L’enfer du Viroin, le paradis des traileurs

Les 400 traileurs présents dimanche à Viroinval se souviendront longtemps de la beauté des paysages mais aussi des difficultés des parcours.

Geoffroy BRUYR
L’enfer du Viroin, le paradis des traileurs
Nicola Bucci a pu apprécier la beauté des paysages tout au long de sa balade de 24 km. ©ÉdA – 501562117698

L'enfer est parfois fort proche du paradis: c'est ce que se sont dit les 400 traileurs présents dimanche à Viroinval tant les parcours, certes difficiles à plusieurs endroits, valaient le déplacement. «Nous voulions mettre notre belle région en lumière en organisant cette nouvelle version estivale de Notre Enfer du Viroin, cinq mois après la version hivernale, précise Youri Vandeloise de l'association Crayat'Titude. L'an dernier, nous avions juste pu baliser les parcours et proposer notre événement sans inscription ni classement mais ce dimanche nous sommes revenus à notre formule originelle.»

Cette fois, en plus des circuits de 16 km, 24 km et 42 km tracés depuis le terrain de football de l'OC Nismes, il y avait un 60 km. «Il y a de plus en plus d'amateurs de ce type de distance. D'ailleurs nous envisageons d'encore augmenter les kilomètres mais aussi les dénivelés lors des prochaines éditions!» Cette année ils étaient de 521 m, 738 m, 1 477 m et 2 064 m.

Le ravito à la Chimay a été particulièrement apprécié. «Nous l'avons volontairement mis à la fin, à l'ancienne Tannerie de Dourbes, histoire de reprendre un peu de force pour les derniers kilomètres!»

Nismes, Vierves, Treignes… Autant d'endroits magnifiques à découvrir! «J'estime que le plus bel endroit est le Fondry des Chiens, un gouffre naturel situé sur les hauteurs et à l'est du village de Nismes.
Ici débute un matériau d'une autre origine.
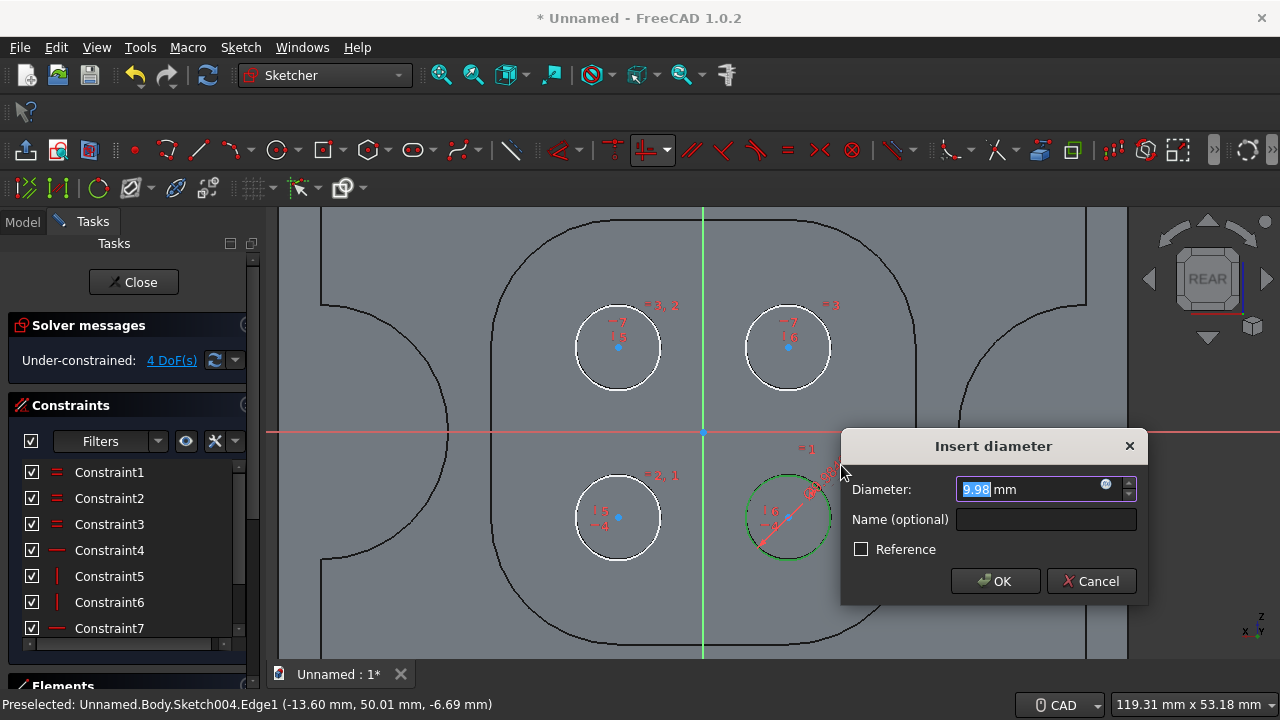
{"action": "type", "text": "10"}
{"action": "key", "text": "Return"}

Et le plus difficile est la montée vers le Vieux Château de Dourbes: un vrai mur d'escalade! On y a d'ailleurs apposé une corde pour permettre une ascension plus aisée. La colline calcaire de la Montagne-au-Buis n'est pas mal non plus dans son genre.»

Nicola Bucci retrouve le rythme

Nicola Bucci en a vu d'autres. Le Nalinnois s'est baladé tout au long des 24 km, faisant la course avec son ami Hicham Touati avant de le lâcher à quatre kilomètres de l'arrivée. «Je me remets tout doucement dans le rythme après cette année Covid, raconta-t-il. Durant les confinements je me suis entraîné un peu mais pas trop. J'ai fait d'autres choses, du vélo notamment. Mais aussi quelques petits voyages avec mon van. J'ai repris au Trail du Jambon puis je me suis aligné au Grand Trail des Lacs et Châteaux en mai ainsi qu'au Carillon Trail en juin.» Le 29 août, il devrait faire la Course du Grand Ballon à Willer-sur-Thur dans les Vosges. «J'ai appris par hasard qu'il serait qualificatif pour le championnat du monde en Thaïlande.»

Hicham a pu suivre Nicola durant 20 km. «Après j'étais cuit!, raconte le Marcinellois. Je me suis d'ailleurs fait reprendre par Renaud Camus. Ce n'était que mon deuxième trail. Le premier, je l'avais fait en 2018…»

Depuis quelques semaines il s'entraîne avec Nicola et Jérôme Groffier (2e du 60 km). «J'apprécie de plus en plus cette discipline, moi qui suis un routier à la base. Mais j'ai encore plein de choses à apprendre: c'est tout bête mais j'aurais dû mettre des chaussettes plus adaptées car j'ai les pieds trempés après avoir traversé un passage à gué.»